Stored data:
- - - - - - -
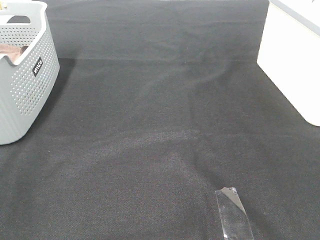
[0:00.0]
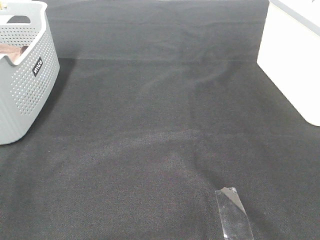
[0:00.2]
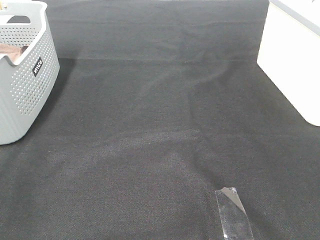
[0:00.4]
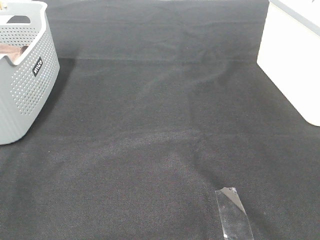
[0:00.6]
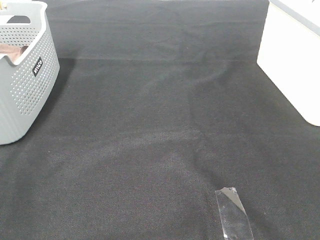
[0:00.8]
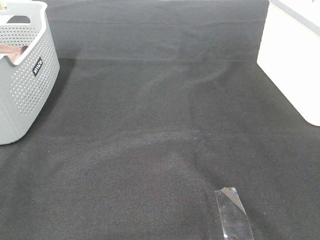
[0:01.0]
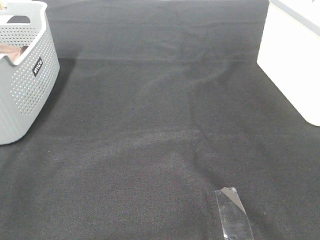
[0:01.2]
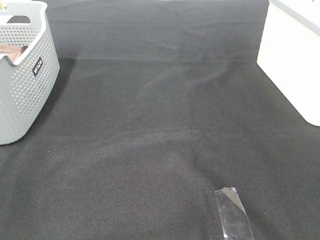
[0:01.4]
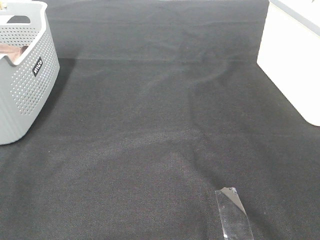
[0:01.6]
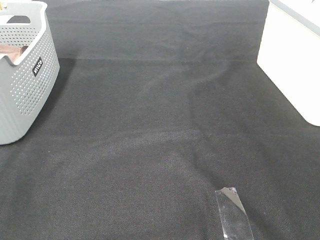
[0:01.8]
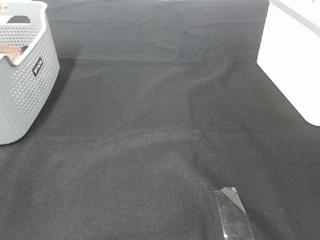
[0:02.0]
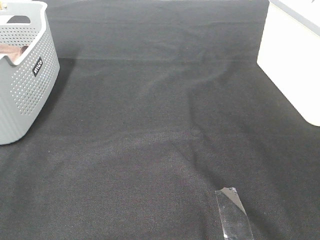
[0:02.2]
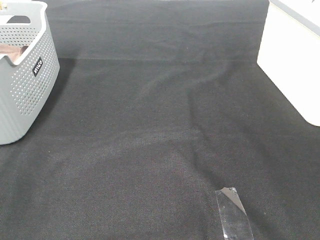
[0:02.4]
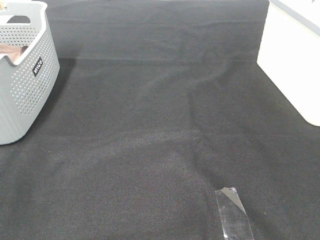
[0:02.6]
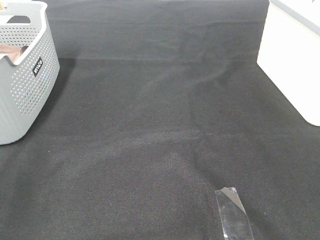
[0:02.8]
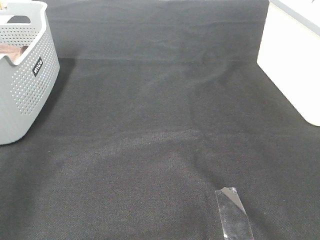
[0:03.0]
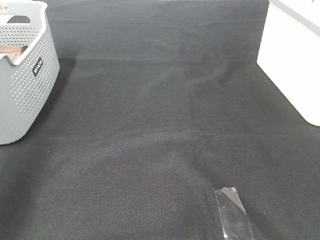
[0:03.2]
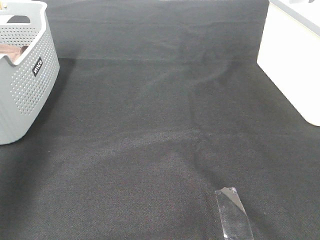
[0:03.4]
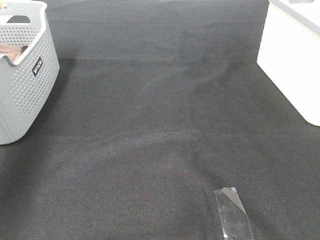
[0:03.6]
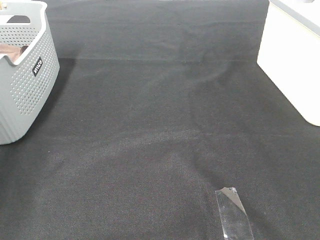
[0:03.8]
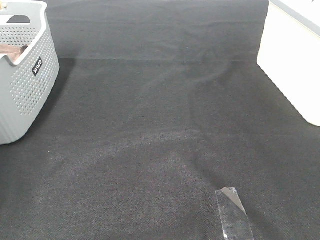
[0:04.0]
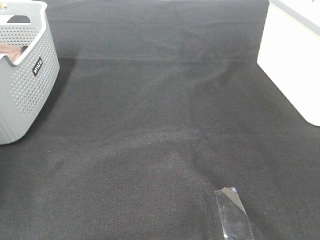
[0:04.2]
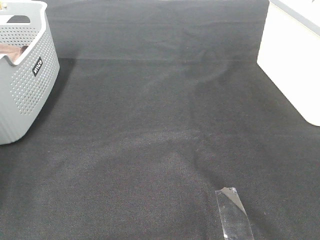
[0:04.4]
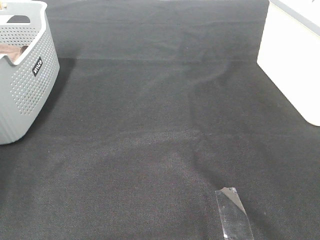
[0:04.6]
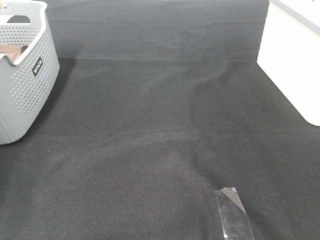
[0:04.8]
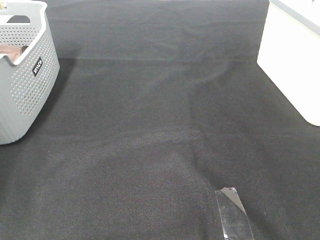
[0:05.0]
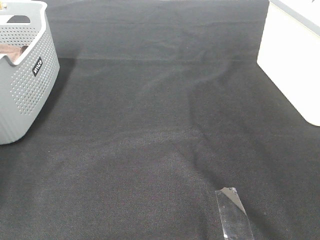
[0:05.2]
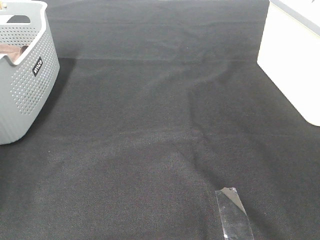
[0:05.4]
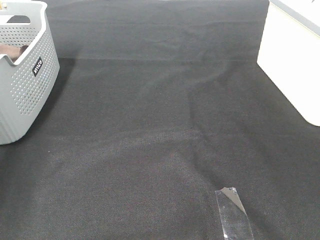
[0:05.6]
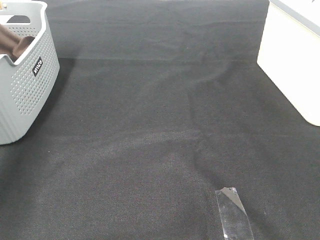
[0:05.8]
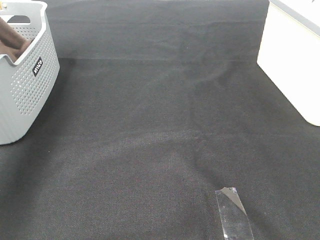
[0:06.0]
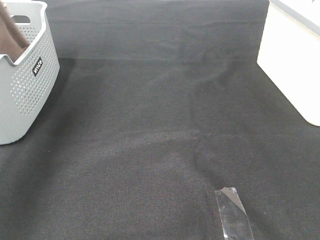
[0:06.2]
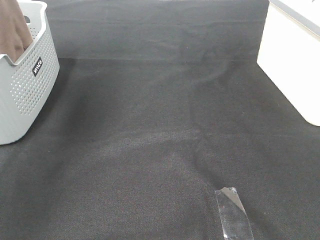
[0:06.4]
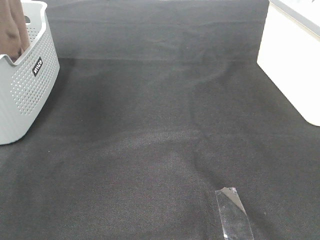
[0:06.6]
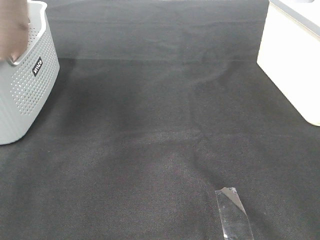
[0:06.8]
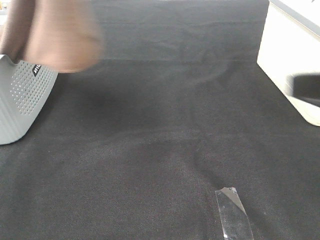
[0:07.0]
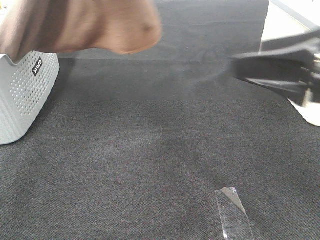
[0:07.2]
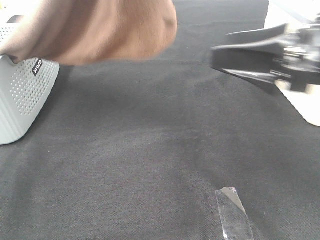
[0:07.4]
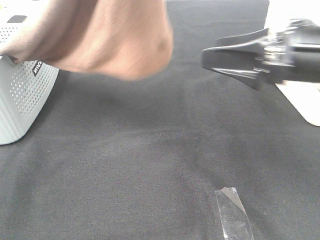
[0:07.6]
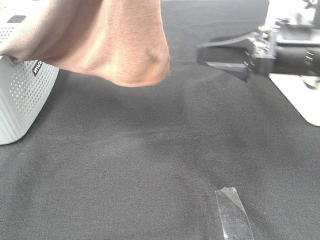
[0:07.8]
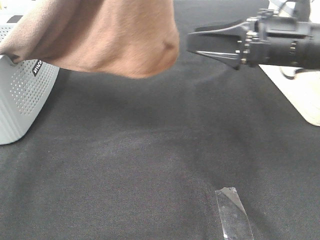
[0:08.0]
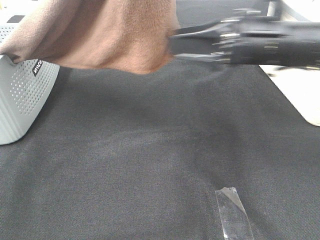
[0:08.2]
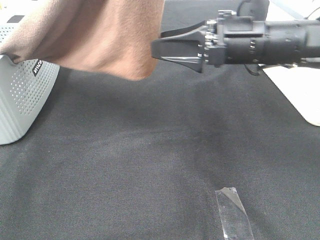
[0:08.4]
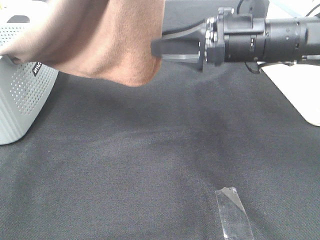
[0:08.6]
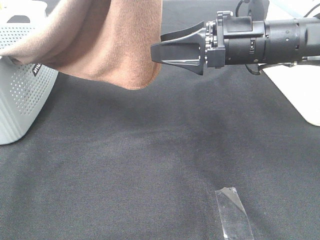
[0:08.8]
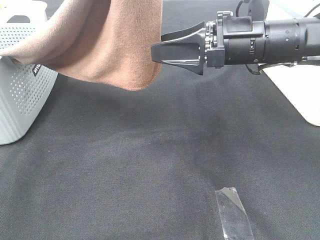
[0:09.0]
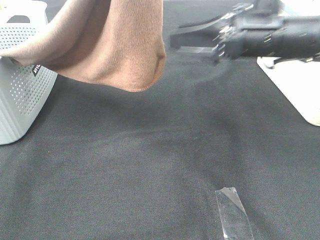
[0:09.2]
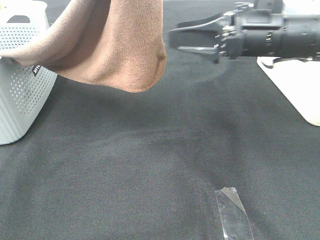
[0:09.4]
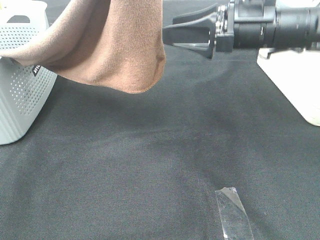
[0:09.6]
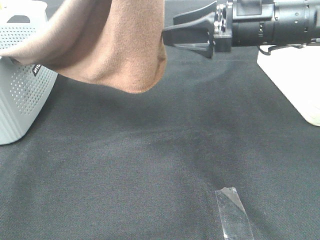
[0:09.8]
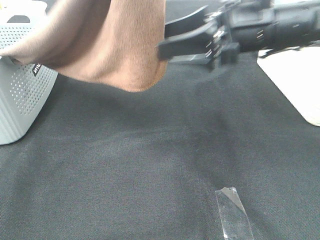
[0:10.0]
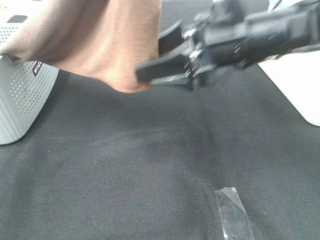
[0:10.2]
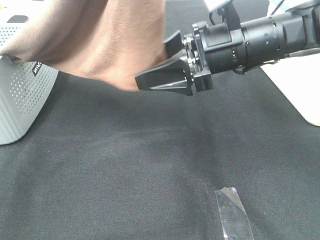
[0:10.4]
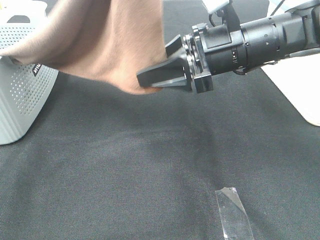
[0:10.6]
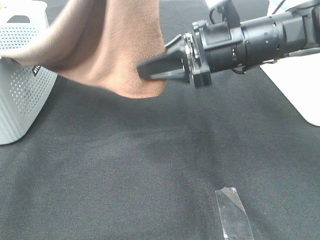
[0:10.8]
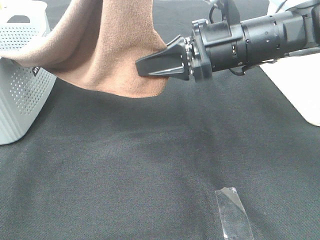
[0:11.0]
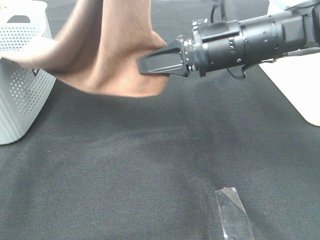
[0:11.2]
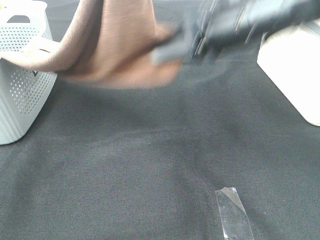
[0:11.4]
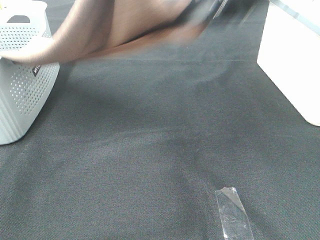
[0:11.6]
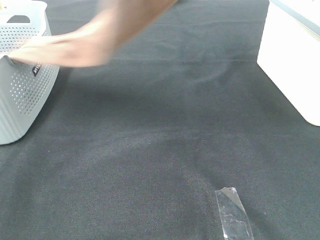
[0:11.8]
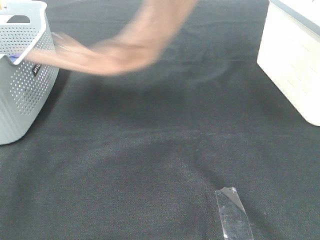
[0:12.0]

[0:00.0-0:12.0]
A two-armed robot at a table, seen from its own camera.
- - - - - - -
**Work order:** Repeat the entries exactly. Any picture is to be left out.

**Result of the task:**
[0:00.0]
[0:00.2]
[0:00.4]
[0:00.6]
[0:00.8]
[0:01.0]
[0:01.2]
[0:01.4]
[0:01.6]
[0:01.8]
[0:02.0]
[0:02.2]
[0:02.4]
[0:02.6]
[0:02.8]
[0:03.0]
[0:03.2]
[0:03.4]
[0:03.6]
[0:03.8]
[0:04.0]
[0:04.2]
[0:04.4]
[0:04.6]
[0:04.8]
[0:05.0]
[0:05.2]
[0:05.4]
[0:05.6]
[0:05.8]
[0:06.0]
[0:06.2]
[0:06.4]
[0:06.6]
[0:06.8]
[0:07.0]
[0:07.2]
[0:07.4]
[0:07.6]
[0:07.8]
[0:08.0]
[0:08.2]
[0:08.4]
[0:08.6]
[0:08.8]
[0:09.0]
[0:09.2]
[0:09.4]
[0:09.6]
[0:09.8]
[0:10.0]
[0:10.2]
[0:10.4]
[0:10.6]
[0:10.8]
[0:11.0]
[0:11.2]
[0:11.4]
[0:11.6]
[0:11.8]
[0:12.0]

[0:00.0-0:12.0]
A two-armed robot at a table, seen from its own camera.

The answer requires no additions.